Ruling a nation was far more burdensome than conquering one. No wonder so few desired territory.
You inherit complaints.
You inherit the resentment of the poor.
You inherit the weight of maintaining order.
Every region's prosperity depended on local resources and labor. To solve inequality, one must redistribute wealth wisely—an easy idea, but a harsh execution.
Subsidies, too, created resentment if mishandled.
Now that Eterna was the council's strongest faction, expectations soared. Opposition was contained for now, but resistance always returns.
And so came the question:
Who should represent us in the council?
The role required charisma, diplomacy, intimidation, and decisiveness—a combination that few possessed.
"I must decline this task," I declared.
The room froze.
Even I, Pharaoh or not, had no desire to volunteer for this mire of political bickering.
Benimaru followed. "I refuse as well. My strength lies on the battlefield. Those sly nobles… I lack the patience."
A sincere assessment.
Souei stepped forth. "My duty is intelligence. As Atem-sama's eyes and ears, I cannot abandon my post."
Expected. And correct.
Geld was too essential—construction projects consumed all his time. Removing him would tear Eterna apart.
Then—
"W-will you be sending me?"
Gabil.
He was… surprisingly serious. And surprisingly aware.

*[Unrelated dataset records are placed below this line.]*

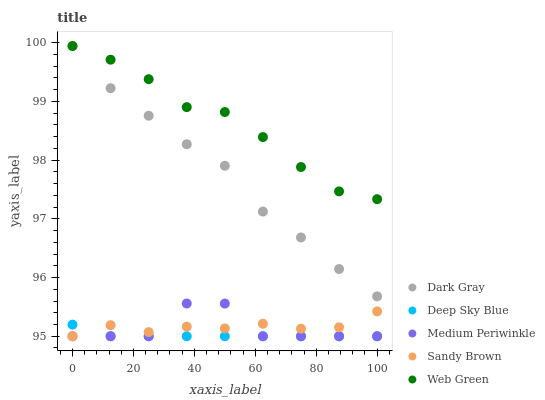Does Deep Sky Blue have the minimum area under the curve?
Answer yes or no. Yes. Does Web Green have the maximum area under the curve?
Answer yes or no. Yes. Does Sandy Brown have the minimum area under the curve?
Answer yes or no. No. Does Sandy Brown have the maximum area under the curve?
Answer yes or no. No. Is Deep Sky Blue the smoothest?
Answer yes or no. Yes. Is Medium Periwinkle the roughest?
Answer yes or no. Yes. Is Sandy Brown the smoothest?
Answer yes or no. No. Is Sandy Brown the roughest?
Answer yes or no. No. Does Sandy Brown have the lowest value?
Answer yes or no. Yes. Does Web Green have the lowest value?
Answer yes or no. No. Does Dark Gray have the highest value?
Answer yes or no. Yes. Does Sandy Brown have the highest value?
Answer yes or no. No. Is Medium Periwinkle less than Dark Gray?
Answer yes or no. Yes. Is Dark Gray greater than Medium Periwinkle?
Answer yes or no. Yes. Does Deep Sky Blue intersect Medium Periwinkle?
Answer yes or no. Yes. Is Deep Sky Blue less than Medium Periwinkle?
Answer yes or no. No. Is Deep Sky Blue greater than Medium Periwinkle?
Answer yes or no. No. Does Medium Periwinkle intersect Dark Gray?
Answer yes or no. No. 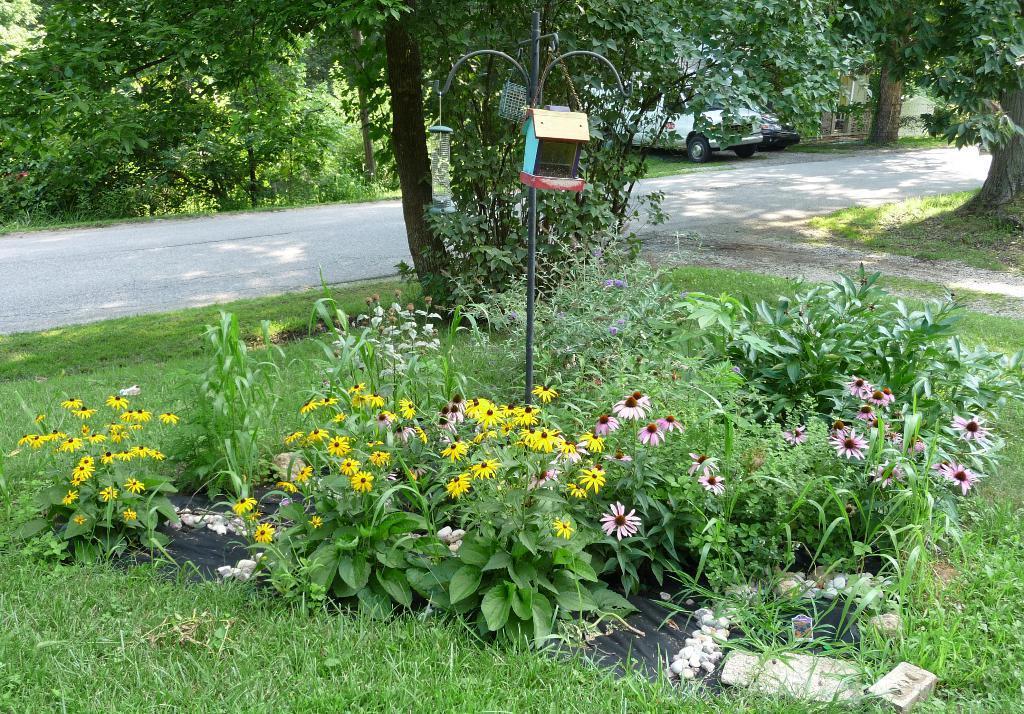Could you give a brief overview of what you see in this image? In this image I can see plants and flowers and grass visible in the middle, at the top I can see trees and vehicle and road. And I can see a pole visible in the middle. 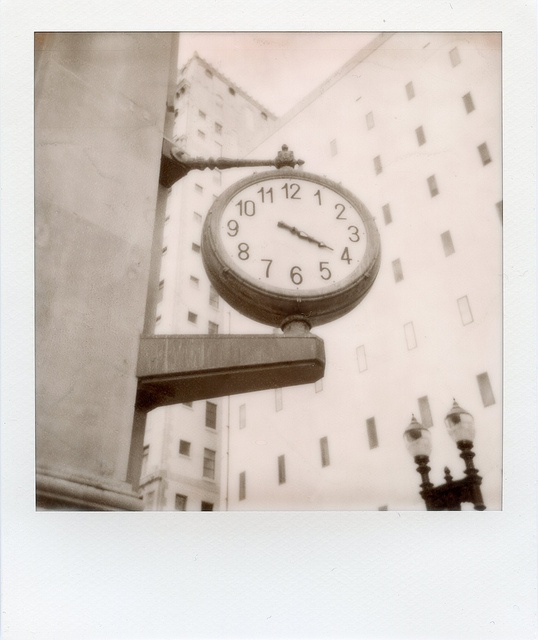Describe the objects in this image and their specific colors. I can see a clock in white, lightgray, darkgray, and maroon tones in this image. 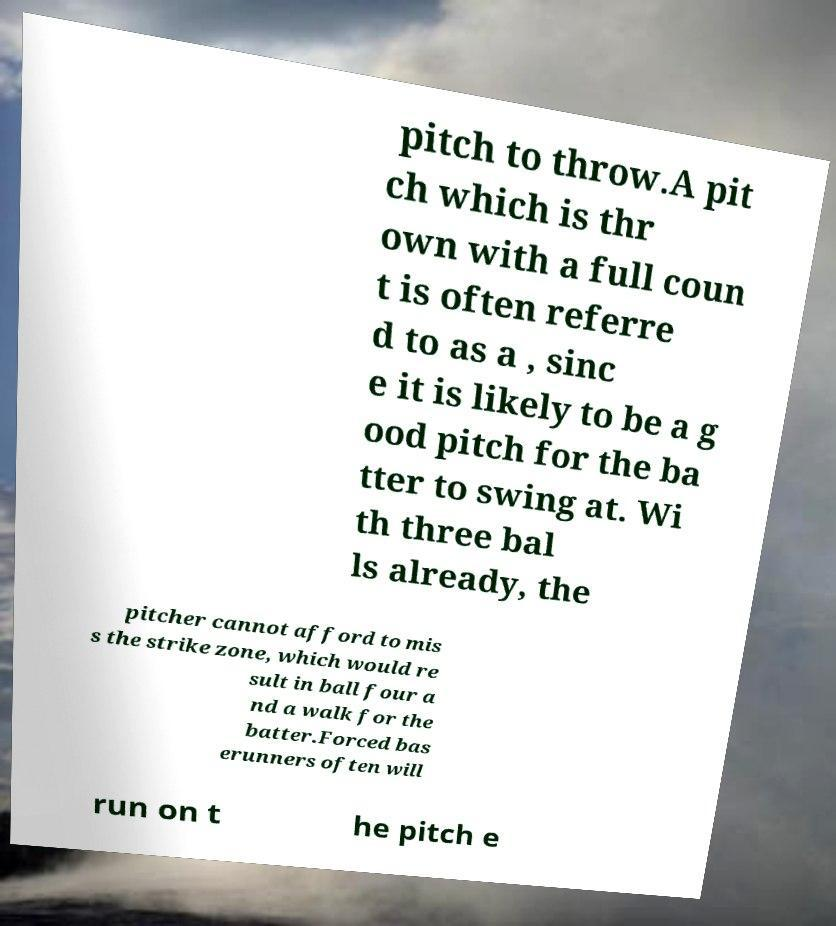Could you assist in decoding the text presented in this image and type it out clearly? pitch to throw.A pit ch which is thr own with a full coun t is often referre d to as a , sinc e it is likely to be a g ood pitch for the ba tter to swing at. Wi th three bal ls already, the pitcher cannot afford to mis s the strike zone, which would re sult in ball four a nd a walk for the batter.Forced bas erunners often will run on t he pitch e 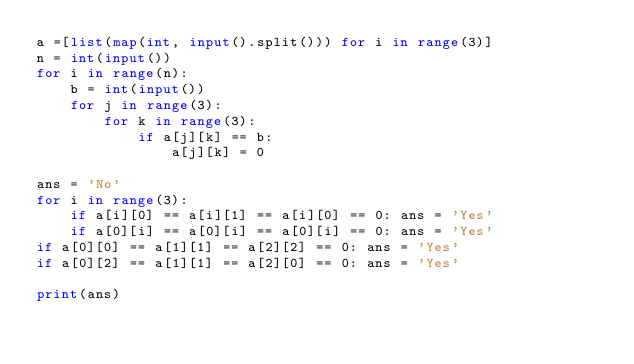Convert code to text. <code><loc_0><loc_0><loc_500><loc_500><_Python_>a =[list(map(int, input().split())) for i in range(3)] 
n = int(input())
for i in range(n):
	b = int(input())
	for j in range(3):
		for k in range(3):
			if a[j][k] == b:
				a[j][k] = 0
				
ans = 'No'
for i in range(3):
	if a[i][0] == a[i][1] == a[i][0] == 0: ans = 'Yes'
	if a[0][i] == a[0][i] == a[0][i] == 0: ans = 'Yes'
if a[0][0] == a[1][1] == a[2][2] == 0: ans = 'Yes'
if a[0][2] == a[1][1] == a[2][0] == 0: ans = 'Yes'
	
print(ans)
	</code> 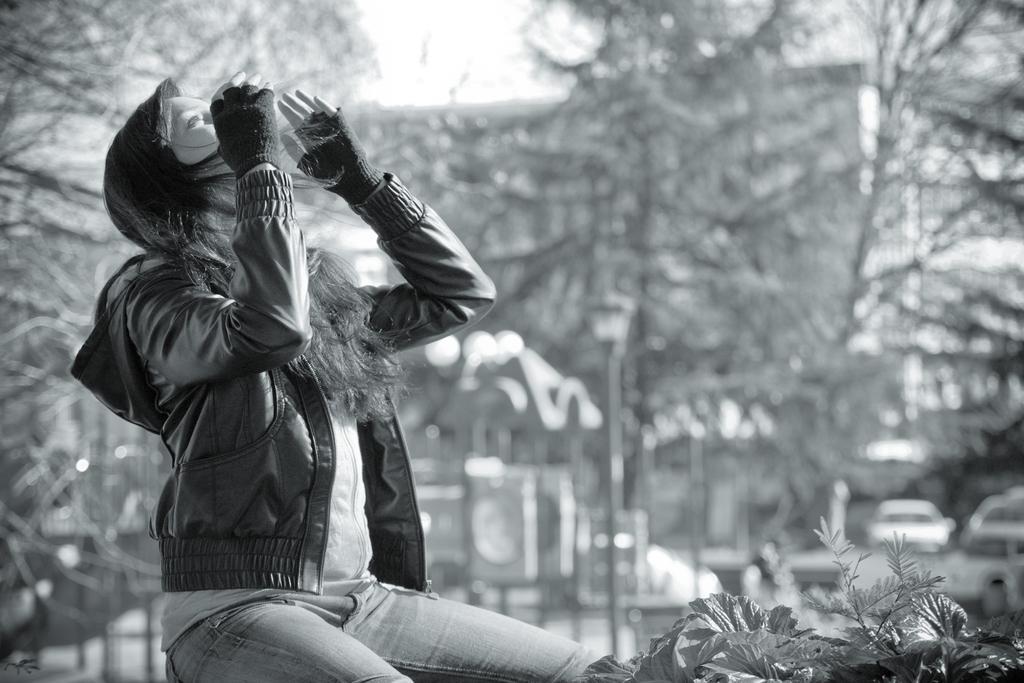How would you summarize this image in a sentence or two? In the foreground of this black and white image, on the left, there is a woman sitting and at the bottom, there are plants. In the background, there are trees, building, few vehicles and the sky.

Yet his talents leaned elsewhere. His desire to tame wyverns for an aerial force aligned perfectly with his strengths.
"Continue your wyvern division," I ordered.
He bowed in relief.
But the strain of rapid expansion weighed heavily. Too many responsibilities, too few capable hands.
And then…
"Atem-sama, I—"
"No."
Shion froze, wide-eyed.
I met her gaze with the sharpness of a king.
"Picture this scenario," I said. "You stand in the council hall. A lecherous noble with a swollen belly touches your shoulder. How do you respond?"
"That's obvious!" Shion declared proudly. "I grab him by the neck, lift him, and punch him!"
…Unacceptable.
I sighed.
Shion, despite her growth, remained too unpredictable.
Her cooking alone proved this. The "cake" she made—a gray konjac-like mass—nearly caused me to invoke Solarys, my internal Sovereign of Wisdom, simply to analyze whether it was edible or a weapon of mass destruction.
Solarys, the golden intellect housed within my soul, whispered calmly:
‹ Warning: substance does not qualify as food. ›
Yes… I suspected as much.
I scolded Shion for thirty minutes. And she needed every second of it.
She had improved her black tea only because Diablo had endured the earlier versions—apparently at great personal risk.
Someone had to guide her. She couldn't act
alone.
Which meant she was absolutely forbidden from attending the council.
Only someone capable of restraining Shion could take the role—someone like Diablo.
"I believe Diablo is suitable," I stated.
The executives unanimously agreed.
"With Diablo-dono, there is no need for concern."
"He can force nobles to comply."
"He cannot be bribed."
Shuna, Shion, Rigurd, Benimaru, Gabil—all approved.
"Yes," Shuna smiled. "With his brilliance, the council will follow Atem-sama's will."
Shion added—rather smugly—
"Sending that interloper to Ingracia will make my importance rise!"
Everyone agreed Diablo was the ideal candidate.
But… Diablo himself would not like this. He had sought subordinates to avoid menial tasks.
"Still," I concluded, "he may find someone suitable during his search. We will leave the decision open until his return."
Until then, I would need to attend the council.
A Pharaoh dealing with petty politics… tsk.
But it could not be helped.
Thus the meeting ended, unresolved but not defeated.
And the peace of Eterna remained—
quiet, fragile, and ready to shatter at the slightest touch.